Lewis resigned from the MDA board and plans for a farewell appearance in 2011 were canceled.
But he said later that year that the telethon remained one of his proudest life achievements.
He also had multiple health issues in his own life.
He suffered at least three heart attacks, in 1960, 1982 and 2006. He suffered from prostate cancer, type 1 diabetes, and viral meningitis, for which he was hospitalized for five months in Australia in 1999.
One of his most dramatic illnesses was pulmonary fibrosis, for which he was treated with Prednisone in the early 2000s. The drug resulted in weight gain that dramatically changed his lean appearance.
He suffered a serious back injury during a comic pratfall at a club in 1965, narrowly escaping paralysis, and later admitted he became addicted to his painkiller, Percodan, for the next 13 years.
In 2012, he collapsed at a Friars Club event from hypoglycemia.
Lewis was born Joseph Levitch in Newark, N.J., on March 16, 1926. His mother was a piano player and by the time young Joseph was 5, he was joining his parents for their stage routine in the Catskills.
He soon developed his “Record Act,” miming lyrics to recordings, and he dropped out of Irvington High School in the 10th grade to pursue a show business career.
He was married twice, to Patti Palmer from 1944 to 1980 and to SanDee Pitnick from 1983 until his death. He was 56 when he married Pitnick, a Las Vegas dancer who was 32.
He had six sons with Palmer, one adopted, and an adopted daughter with Pitnick.
His oldest son, Gary, became a pop music star with Gary Lewis and the Playboys in the 1960s. His youngest son, Joseph, died of a drug overdose in 2009.

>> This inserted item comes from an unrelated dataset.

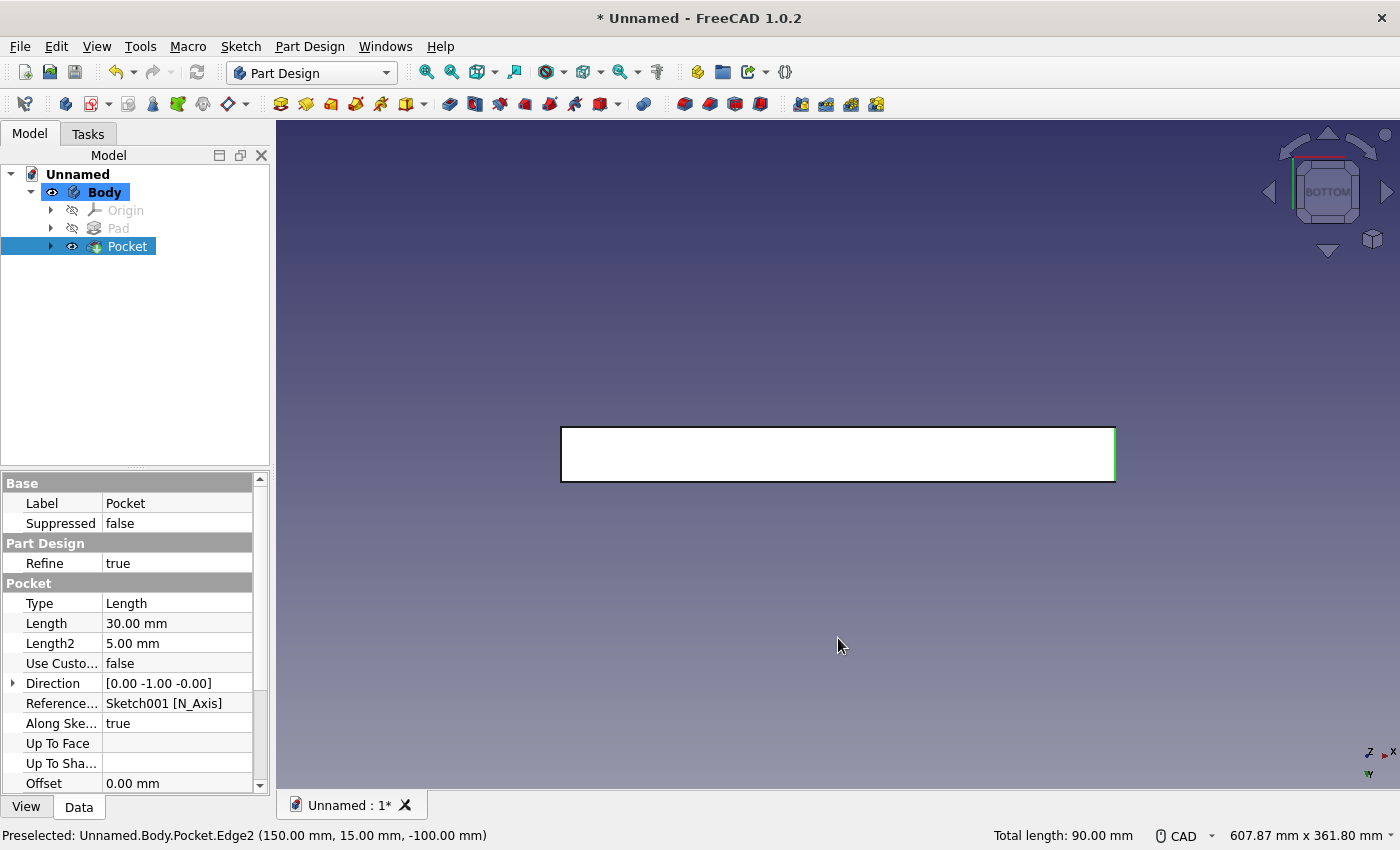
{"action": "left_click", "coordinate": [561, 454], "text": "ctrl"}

Lewis hosted three TV variety shows of his own, but none were successful. He didn’t succeed in getting to Broadway with a 1976 revival of “Hellzapoppin,” in which he costarred with Lynn Redgrave, but he did eventually hit the Great White Way with a short 1995 run in “Damn Yankees.”
He received only two major awards nominations for his ongoing work, a primetime Emmy nod in 1952 and a BAFTA nomination for “King of Comedy” in 1983.
Later he received a slew of honorary awards, including a Lifetime Achievement Award from the American Comedy Awards in 1997 and a Governor’s Award from the primetime Emmys in 2005.
He has two stars on the Hollywood Walk of Fame and was awarded the Jean Hersholt Humanitarian Award in 2009 from the Academy of Motion Picture Arts and Sciences.
He also had no problem appreciating his own work.
“People hate me,” he once said, “because I am a multifaceted, talented, wealthy, internationally famous genius.”
Asked in 2011 if he felt he had fulfilled his life destiny, he said, “Not yet, but I’m getting close. Get the cure for muscular dystrophy. Then I’m fine.
“Otherwise, I’m the happiest old man you’ve ever seen.”